Author: Charles du Park

Czech Rep., Feb 17 (JS) – Inflation in January was 3.6% higher than a year earlier. When adjustments are made for changes in indirect taxes the increase was 3.7%. The consumer price index for January was 0.3% above the Czech National Bank’s (ČNB) recent forecast.

According to figures released on Friday, prices increased by 3.6% year on year in January 2020. Inflation thus increased further compared with December, remaining above the upper boundary of the tolerance band of 1% above the ČNB’s 2% target. Consumer prices adjusted for the effects of the first-round of changes to indirect taxes rose by 3.7% year on year in January.

Y-o-y inflation rate development. Source: Czech Statistical Office, Feb. 2020.
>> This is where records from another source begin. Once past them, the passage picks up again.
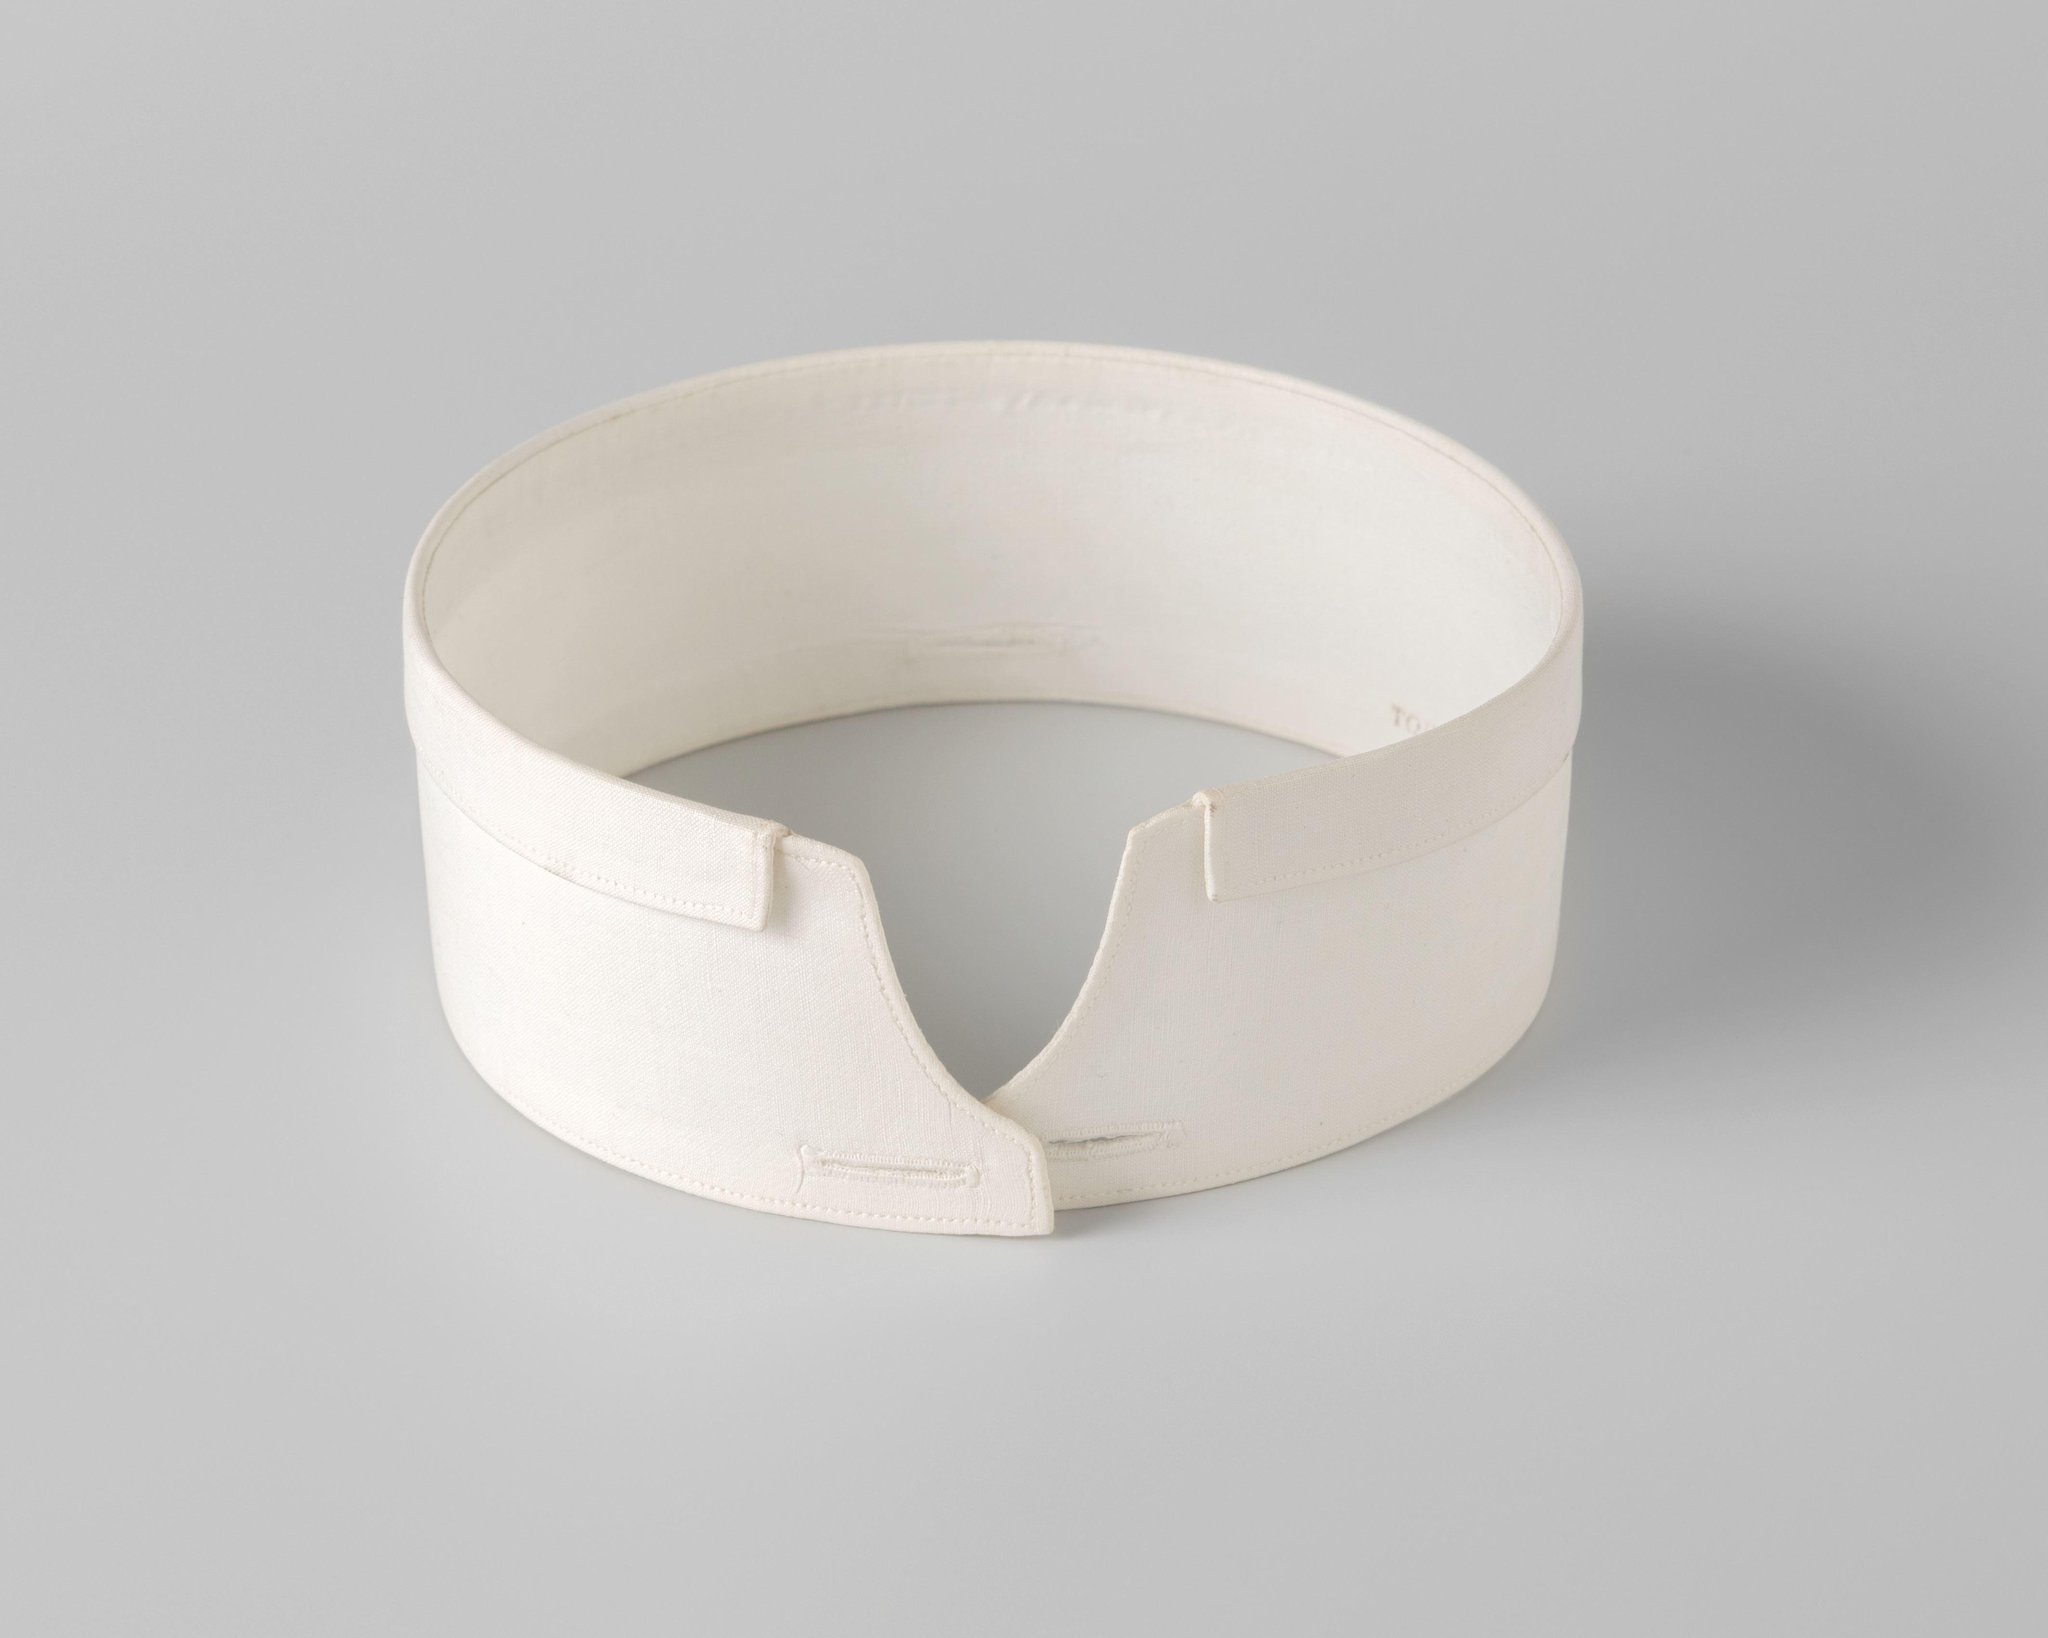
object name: band
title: Boord van linnen, horend bij een amazonekostuum
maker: Anonymous
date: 1895
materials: linen
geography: france
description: Boord van linnen, horend bij een amazonekostuum. Met smalle omslag en TOILE MARGUERITE 35. Bewaard in een met turquoise moiré-papier beplakte doos met adres MARGUERITE 35.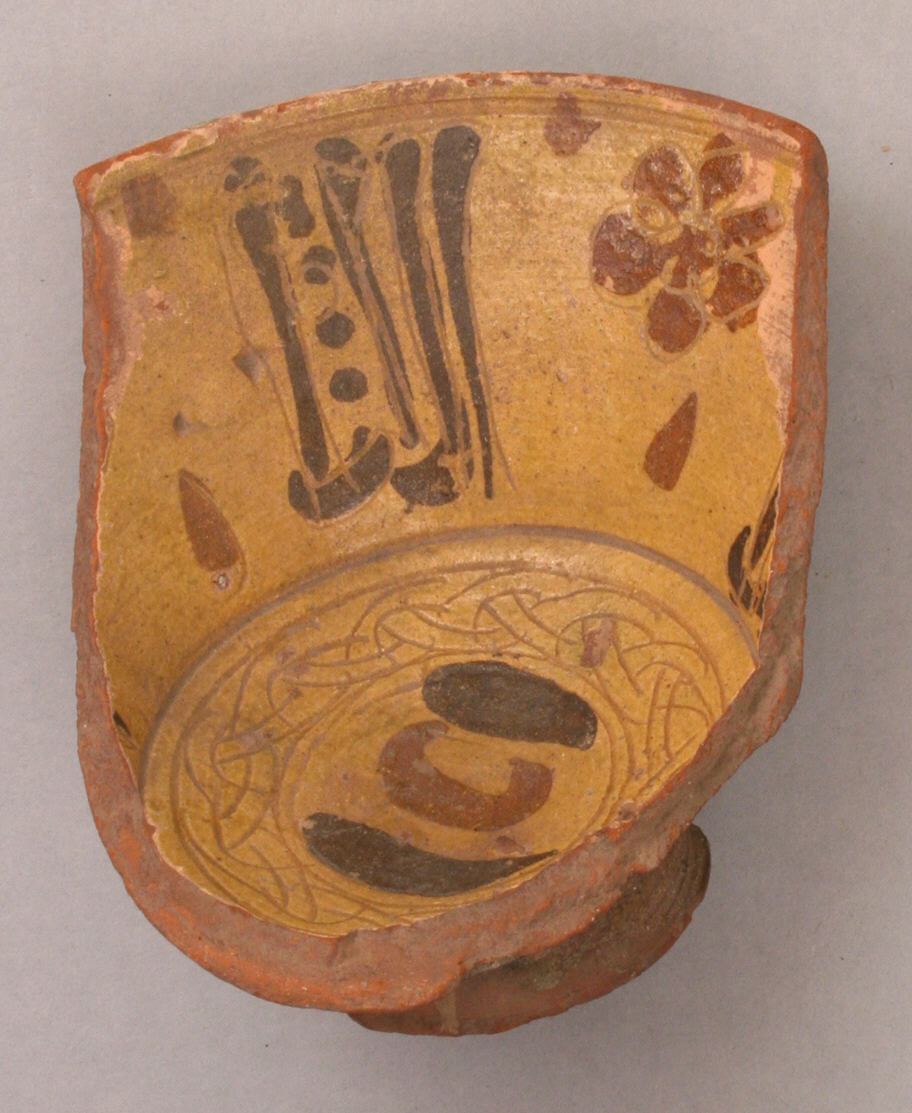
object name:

This overshoot was due mainly to increases in the price of food, which accelerated more markedly than forecast. For example, pork prices rose by almost one fifth compared to last January, fruit rose by 14.7% and sausages by 12.2%. The rents in the Czech Republic also rose (by 4.2%).

 

In addition to these domestic pressures, prices probably still reflect the effects of the poor harvest on some commodities and growth in meat prices due to the swine fever epidemic in Asia. Although fuel prices were also above forecast, they did not influence the overall figure significantly.
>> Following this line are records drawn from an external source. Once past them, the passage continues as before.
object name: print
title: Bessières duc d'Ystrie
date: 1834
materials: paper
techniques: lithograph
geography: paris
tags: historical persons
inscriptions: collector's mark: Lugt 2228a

Petr Král, head of the ČNB’s Monetary Department, commented that the figures were qualitatively in line with the bank’s current forecast. The latest inflation report published by the bank on Thursday expects the inflation rate to push above the upper tolerance band of 3% in the coming months. This is being driven by changes in indirect taxes and government measures to boost household spending. In the longer term the bank forecasts the rate to fall closer to the 2%. Komerční banka economist Michal Brožka agrees that inflationary pressures will decline as the economy weakens and that “the strong koruna and increased interest rates will also help to reduce inflation.”